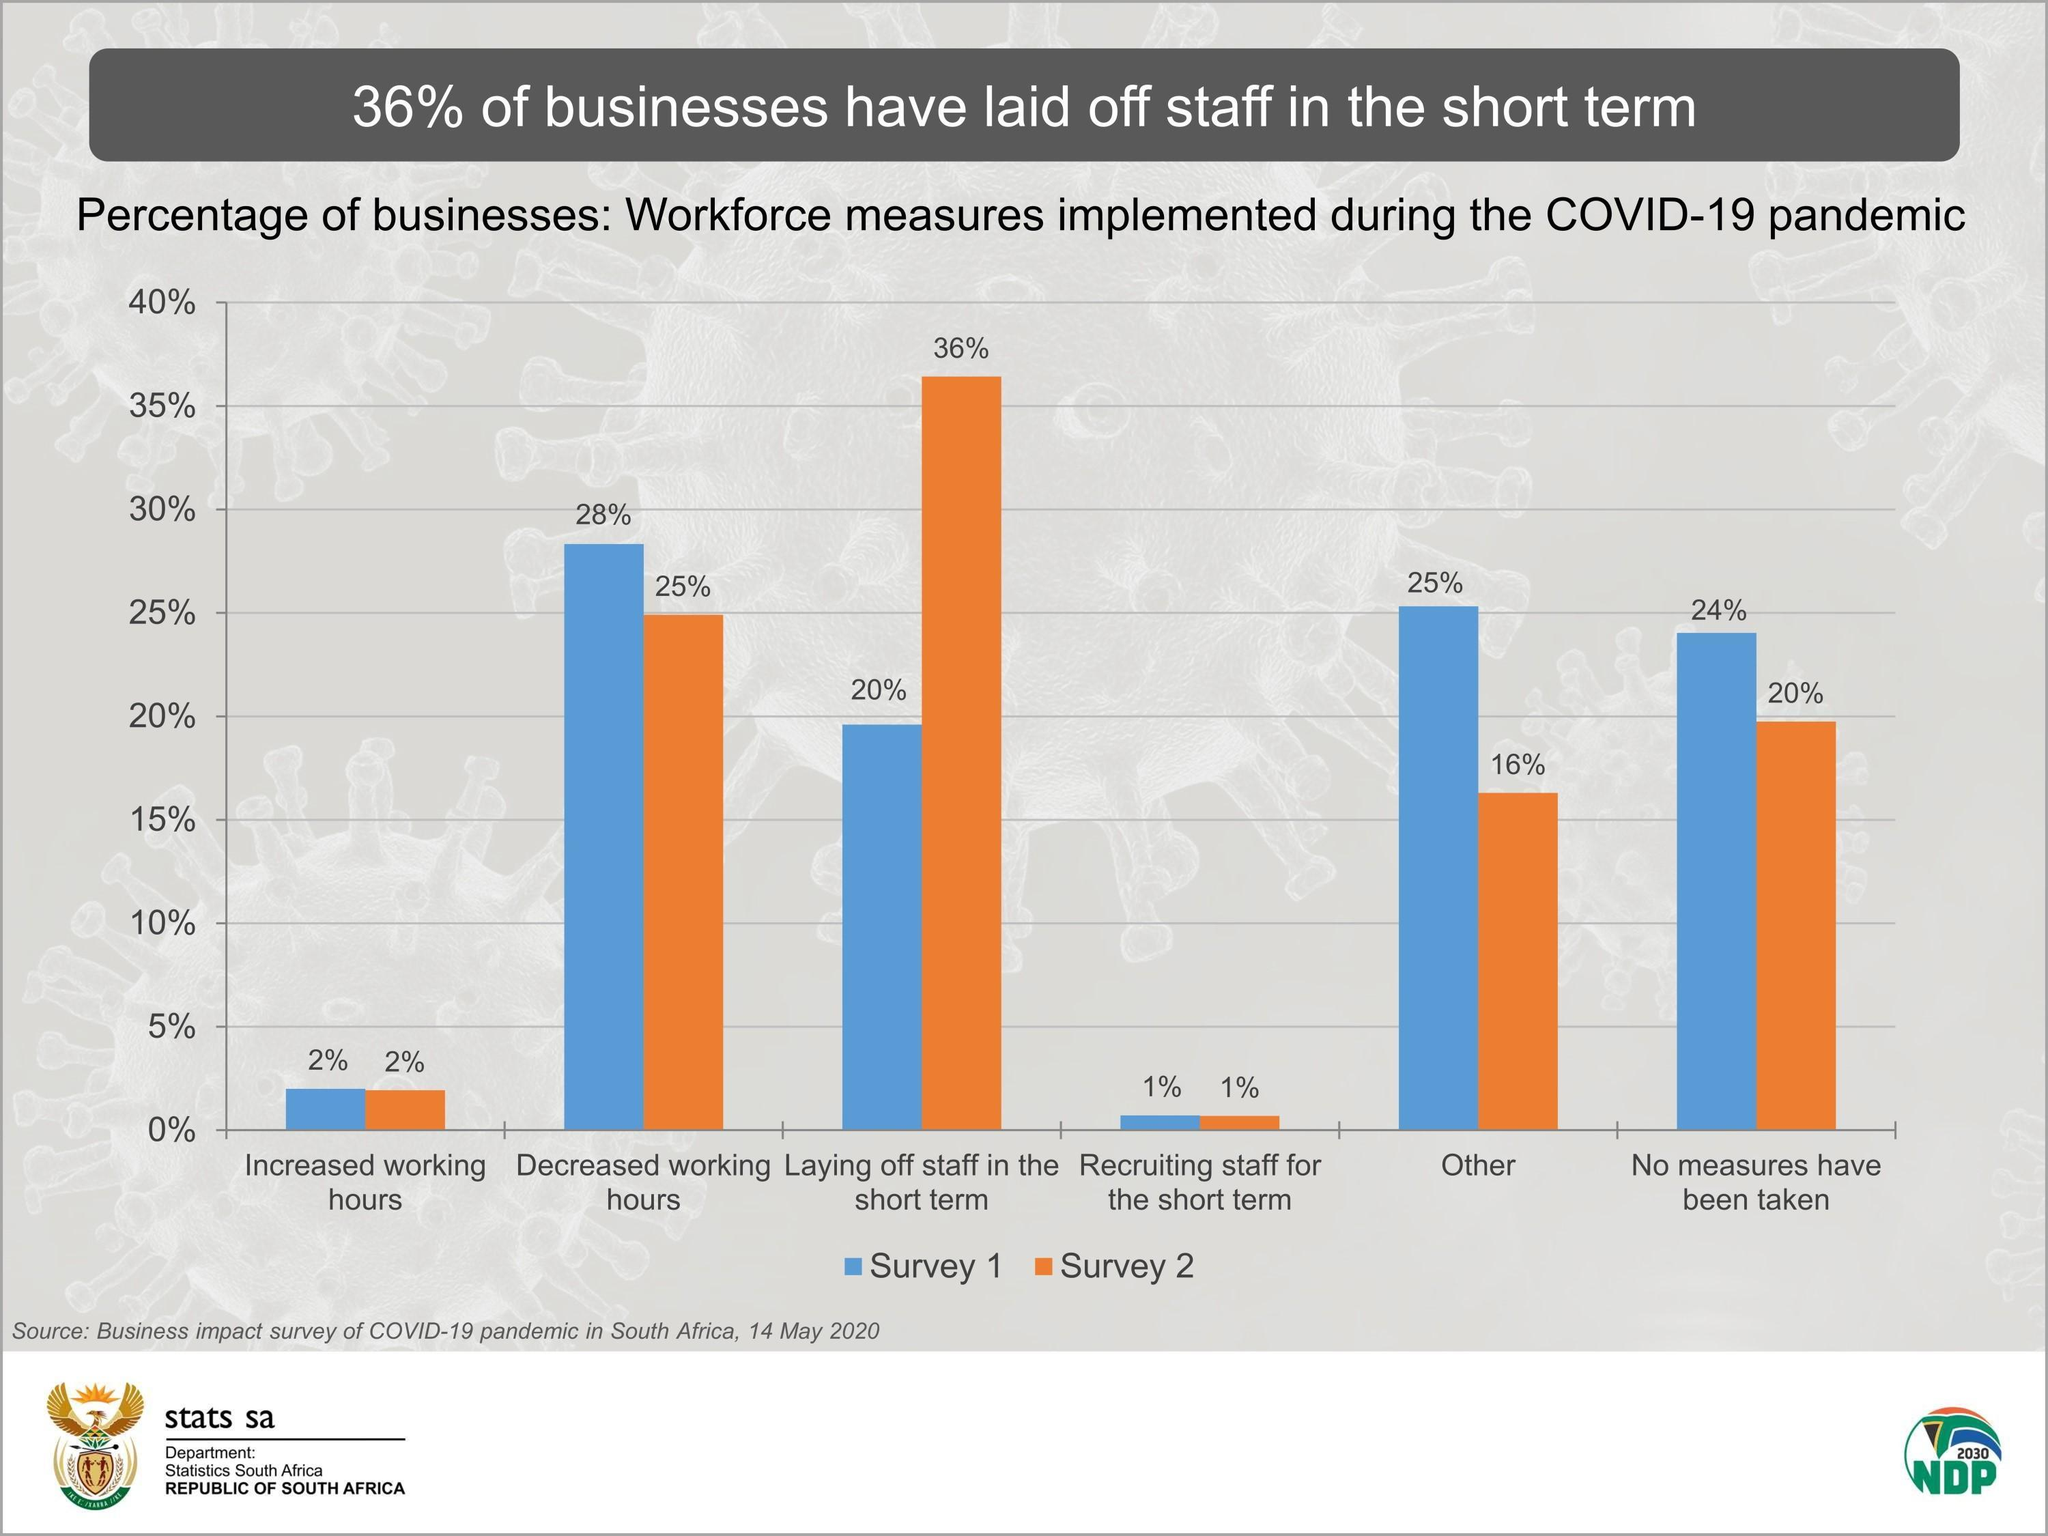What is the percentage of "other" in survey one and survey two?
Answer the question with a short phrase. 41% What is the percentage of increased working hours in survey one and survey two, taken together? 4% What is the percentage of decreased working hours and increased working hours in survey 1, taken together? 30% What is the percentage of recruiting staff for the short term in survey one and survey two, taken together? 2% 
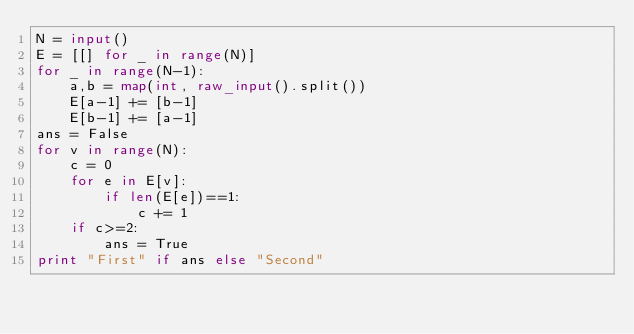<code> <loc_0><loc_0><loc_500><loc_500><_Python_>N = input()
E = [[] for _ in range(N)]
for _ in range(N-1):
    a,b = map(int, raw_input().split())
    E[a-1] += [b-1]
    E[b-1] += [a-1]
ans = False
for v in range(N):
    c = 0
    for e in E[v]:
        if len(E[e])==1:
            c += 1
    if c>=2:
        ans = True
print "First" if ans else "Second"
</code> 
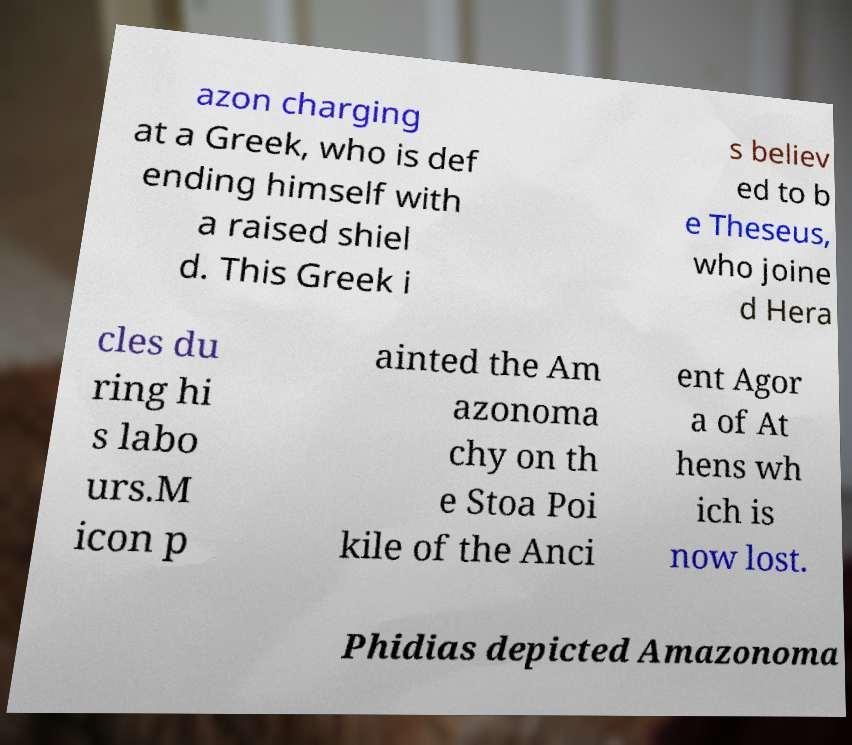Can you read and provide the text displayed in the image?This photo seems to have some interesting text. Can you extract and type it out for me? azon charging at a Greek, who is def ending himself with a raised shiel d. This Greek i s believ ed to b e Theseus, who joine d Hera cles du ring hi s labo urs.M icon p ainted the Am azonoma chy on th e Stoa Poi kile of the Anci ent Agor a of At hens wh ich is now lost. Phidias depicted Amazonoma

### What you have to do
Please provide a faithful transcription of all the data, pictures excluded.

### Solution to the problem
What is the percentage of "other" in survey one and survey two?
Answer the question with a short phrase. 41% What is the percentage of increased working hours in survey one and survey two, taken together? 4% What is the percentage of decreased working hours and increased working hours in survey 1, taken together? 30% What is the percentage of recruiting staff for the short term in survey one and survey two, taken together? 2% 
<code> <loc_0><loc_0><loc_500><loc_500><_Python_>N = input()
E = [[] for _ in range(N)]
for _ in range(N-1):
    a,b = map(int, raw_input().split())
    E[a-1] += [b-1]
    E[b-1] += [a-1]
ans = False
for v in range(N):
    c = 0
    for e in E[v]:
        if len(E[e])==1:
            c += 1
    if c>=2:
        ans = True
print "First" if ans else "Second"
</code> 
Can you read and provide the text displayed in the image?This photo seems to have some interesting text. Can you extract and type it out for me? azon charging at a Greek, who is def ending himself with a raised shiel d. This Greek i s believ ed to b e Theseus, who joine d Hera cles du ring hi s labo urs.M icon p ainted the Am azonoma chy on th e Stoa Poi kile of the Anci ent Agor a of At hens wh ich is now lost. Phidias depicted Amazonoma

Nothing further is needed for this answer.